### Instructions for the task
Restate word for word the entries below, starting with the line with "Rendered at 1241 by 1754 pixels." and continuing through the line with "For every layout". Include both of those lines and no others.

[Opening Given records section]

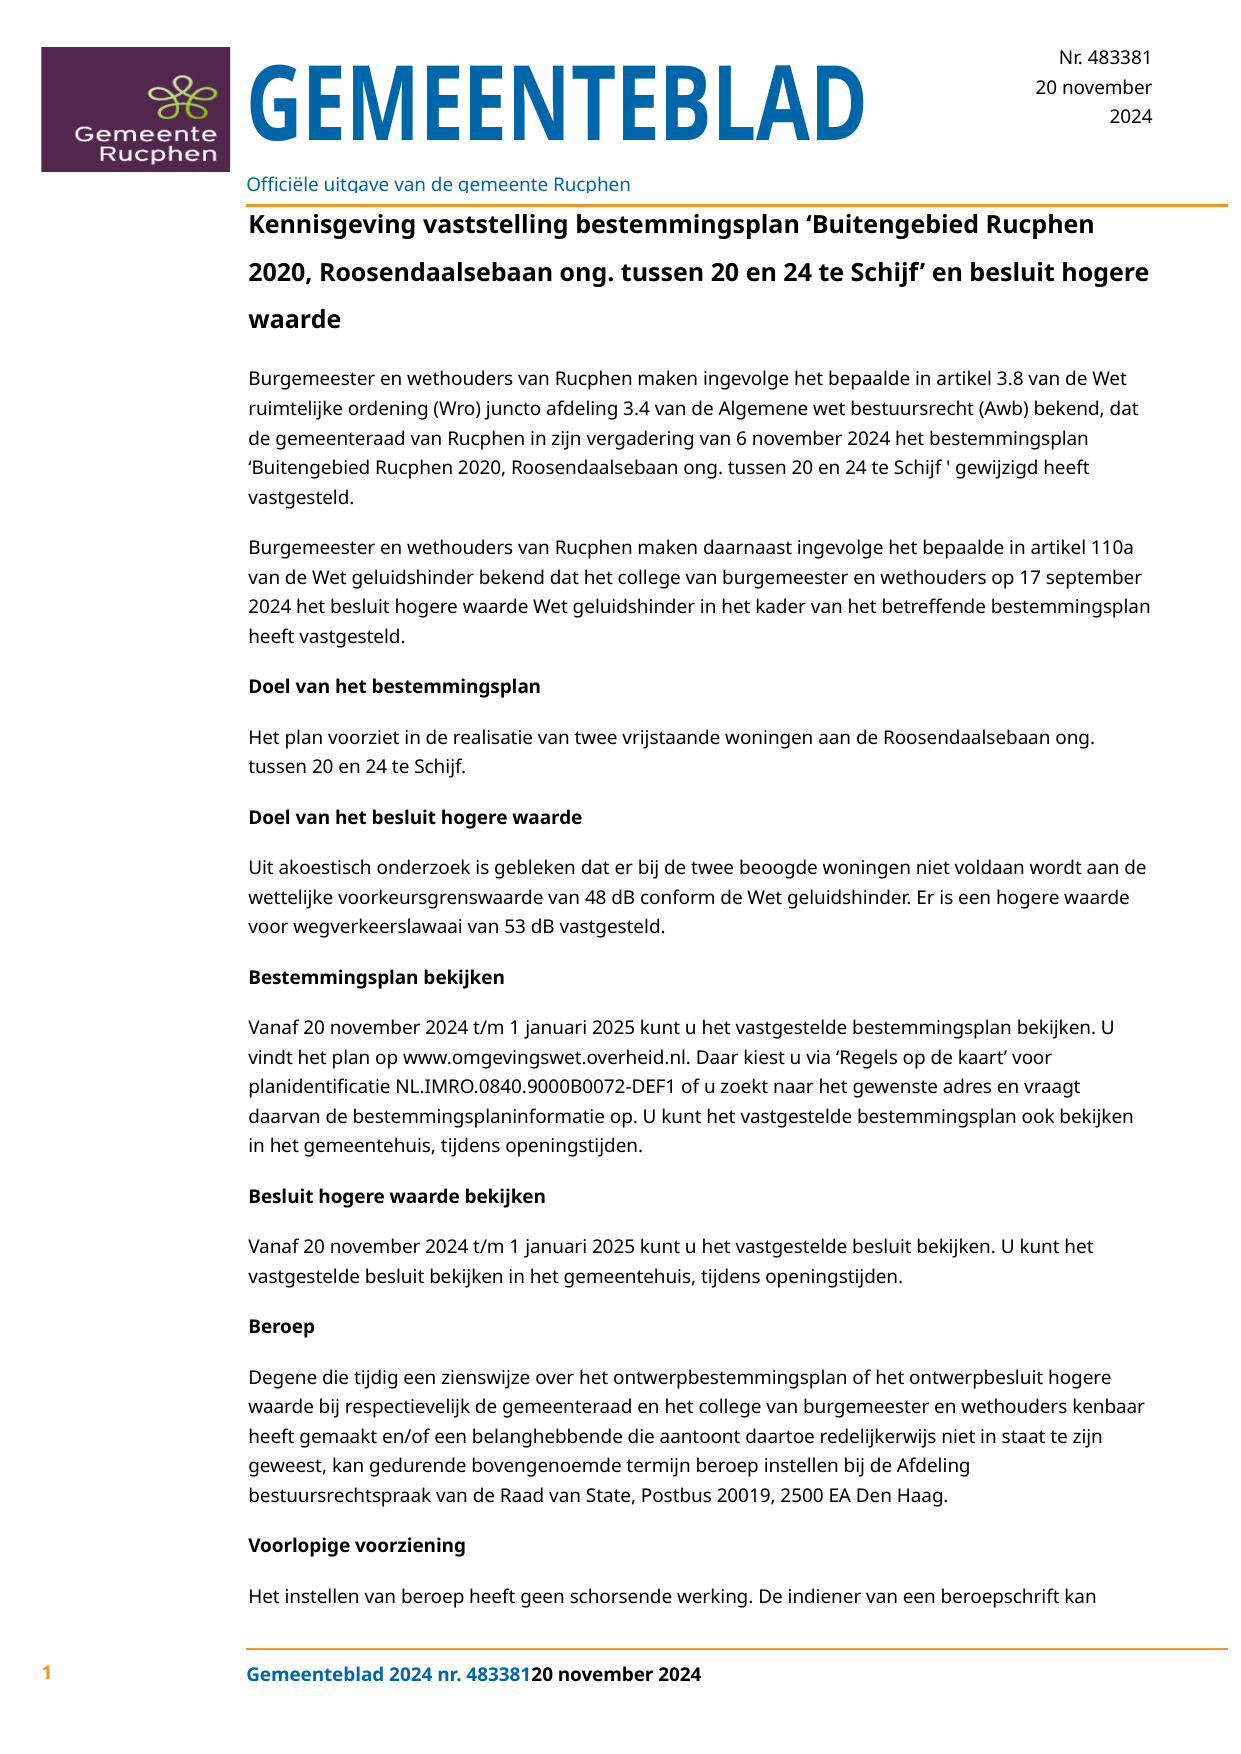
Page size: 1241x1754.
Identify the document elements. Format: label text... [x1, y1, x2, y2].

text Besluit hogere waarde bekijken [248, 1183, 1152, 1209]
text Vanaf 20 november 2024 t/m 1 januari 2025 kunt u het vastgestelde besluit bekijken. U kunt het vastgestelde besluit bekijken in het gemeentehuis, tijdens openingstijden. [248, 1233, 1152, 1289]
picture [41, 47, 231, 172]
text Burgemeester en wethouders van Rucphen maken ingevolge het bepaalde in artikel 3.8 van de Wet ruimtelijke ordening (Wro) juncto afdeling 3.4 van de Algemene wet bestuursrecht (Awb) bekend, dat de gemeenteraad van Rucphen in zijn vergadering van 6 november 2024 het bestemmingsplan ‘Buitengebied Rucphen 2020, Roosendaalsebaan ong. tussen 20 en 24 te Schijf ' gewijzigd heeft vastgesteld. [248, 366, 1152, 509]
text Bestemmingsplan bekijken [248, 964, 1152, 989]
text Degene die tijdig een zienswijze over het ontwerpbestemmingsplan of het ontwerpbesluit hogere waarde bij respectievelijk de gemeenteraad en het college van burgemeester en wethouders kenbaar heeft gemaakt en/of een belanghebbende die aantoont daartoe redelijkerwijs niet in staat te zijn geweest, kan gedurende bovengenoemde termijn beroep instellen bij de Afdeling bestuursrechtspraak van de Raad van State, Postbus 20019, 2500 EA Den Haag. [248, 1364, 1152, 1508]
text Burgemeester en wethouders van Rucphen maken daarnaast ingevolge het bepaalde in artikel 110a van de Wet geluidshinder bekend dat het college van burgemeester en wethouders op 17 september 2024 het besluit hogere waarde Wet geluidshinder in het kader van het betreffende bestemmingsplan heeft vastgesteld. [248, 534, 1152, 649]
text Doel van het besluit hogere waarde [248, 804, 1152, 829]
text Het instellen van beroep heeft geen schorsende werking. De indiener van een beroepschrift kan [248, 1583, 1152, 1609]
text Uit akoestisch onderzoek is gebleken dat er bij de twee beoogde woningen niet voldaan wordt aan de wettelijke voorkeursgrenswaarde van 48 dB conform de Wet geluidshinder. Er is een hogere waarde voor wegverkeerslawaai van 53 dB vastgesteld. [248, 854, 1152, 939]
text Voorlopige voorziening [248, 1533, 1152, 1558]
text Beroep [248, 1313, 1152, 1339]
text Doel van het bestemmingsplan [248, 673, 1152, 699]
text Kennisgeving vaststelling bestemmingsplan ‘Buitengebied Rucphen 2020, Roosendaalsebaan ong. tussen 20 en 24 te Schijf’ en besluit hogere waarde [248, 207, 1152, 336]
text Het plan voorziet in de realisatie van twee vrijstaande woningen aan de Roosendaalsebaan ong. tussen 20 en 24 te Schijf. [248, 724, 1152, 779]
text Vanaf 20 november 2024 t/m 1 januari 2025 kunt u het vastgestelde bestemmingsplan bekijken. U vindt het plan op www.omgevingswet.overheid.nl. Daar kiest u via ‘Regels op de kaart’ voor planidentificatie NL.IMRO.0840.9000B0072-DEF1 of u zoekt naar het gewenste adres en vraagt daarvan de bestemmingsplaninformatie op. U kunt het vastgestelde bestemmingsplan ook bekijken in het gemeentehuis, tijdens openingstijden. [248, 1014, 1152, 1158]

[Closing Given records section]
[Opening Given records section]

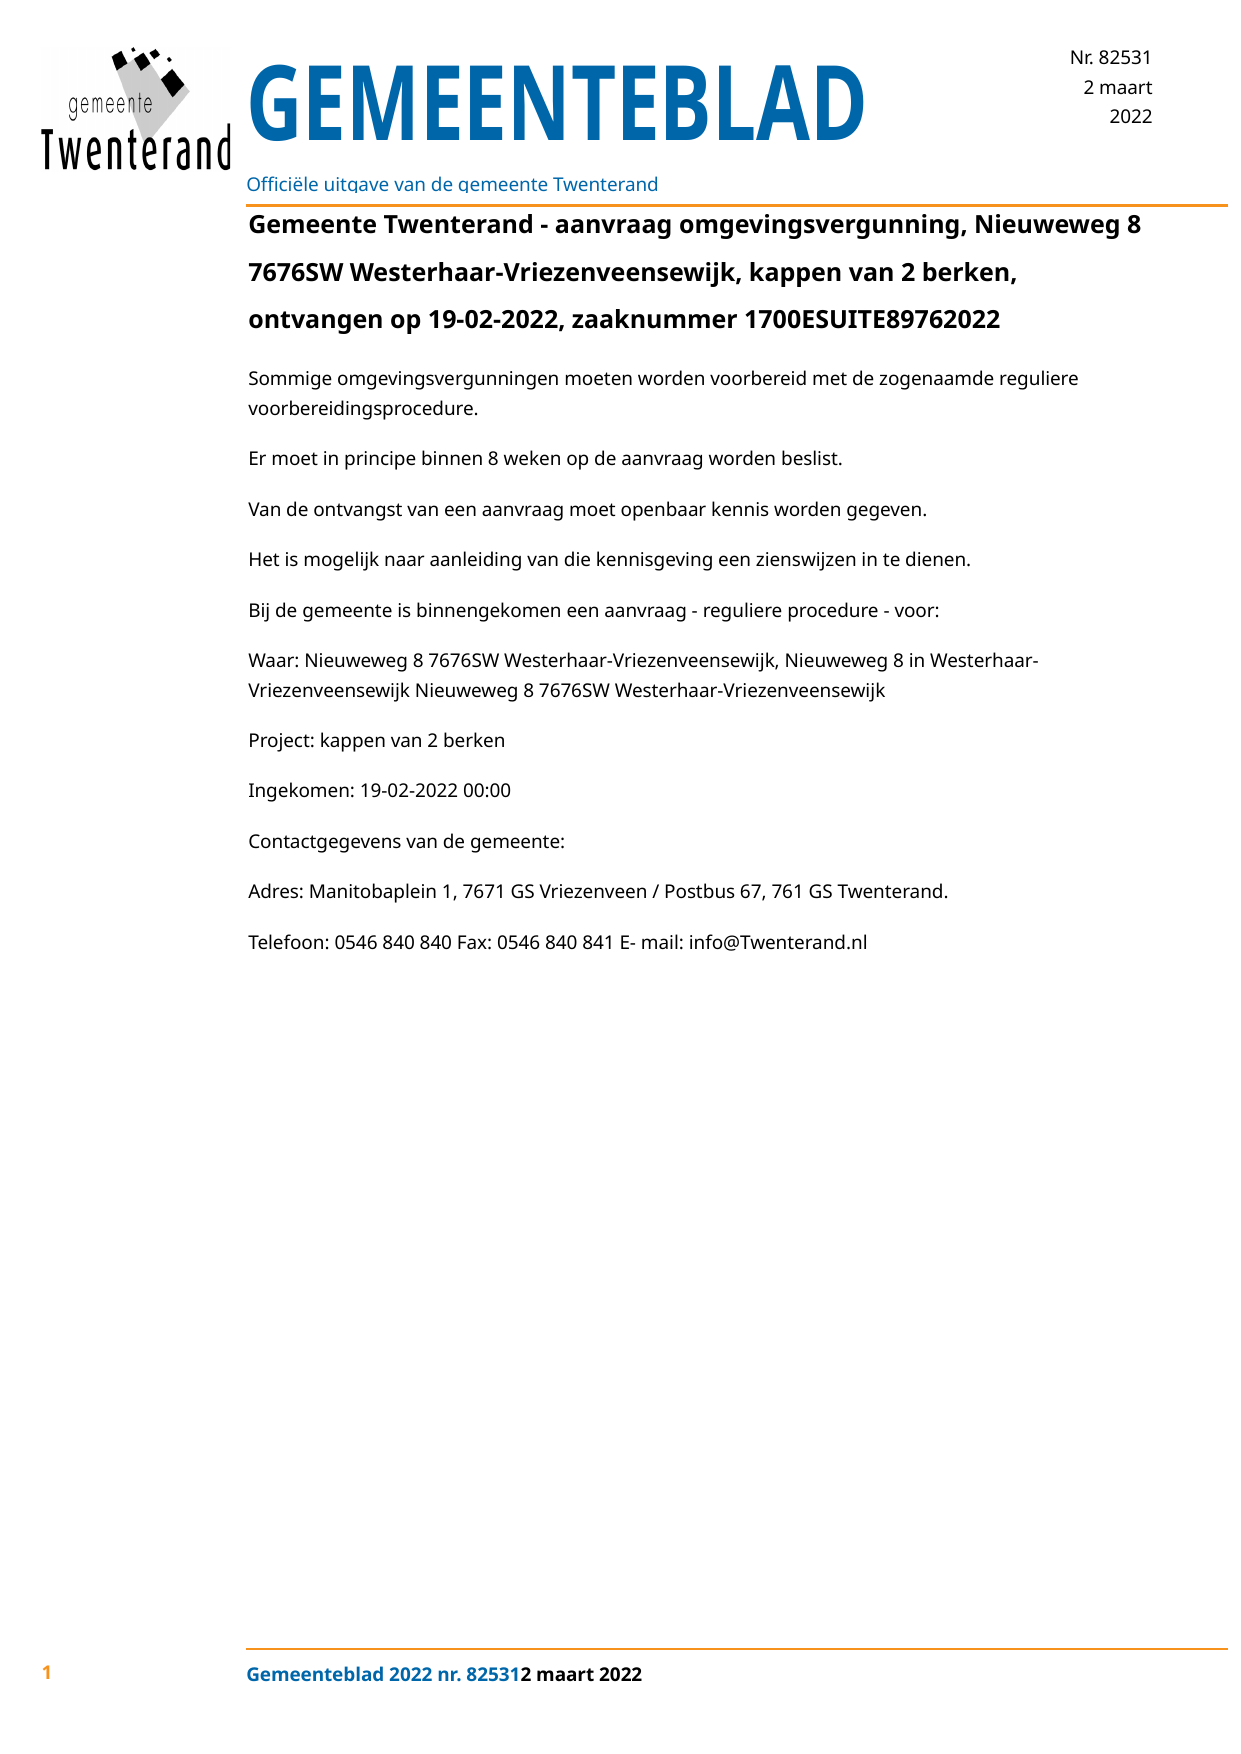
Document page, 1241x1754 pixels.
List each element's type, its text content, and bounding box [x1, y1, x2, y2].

[Closing Given records section]
[Opening Given records section]

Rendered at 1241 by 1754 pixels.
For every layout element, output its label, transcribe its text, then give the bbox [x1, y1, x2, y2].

[Closing Given records section]

### Answer to this problem
Rendered at 1241 by 1754 pixels.
For every layout element, output its label, transcribe its text, then give the bbox [x1, y1, x2, y2].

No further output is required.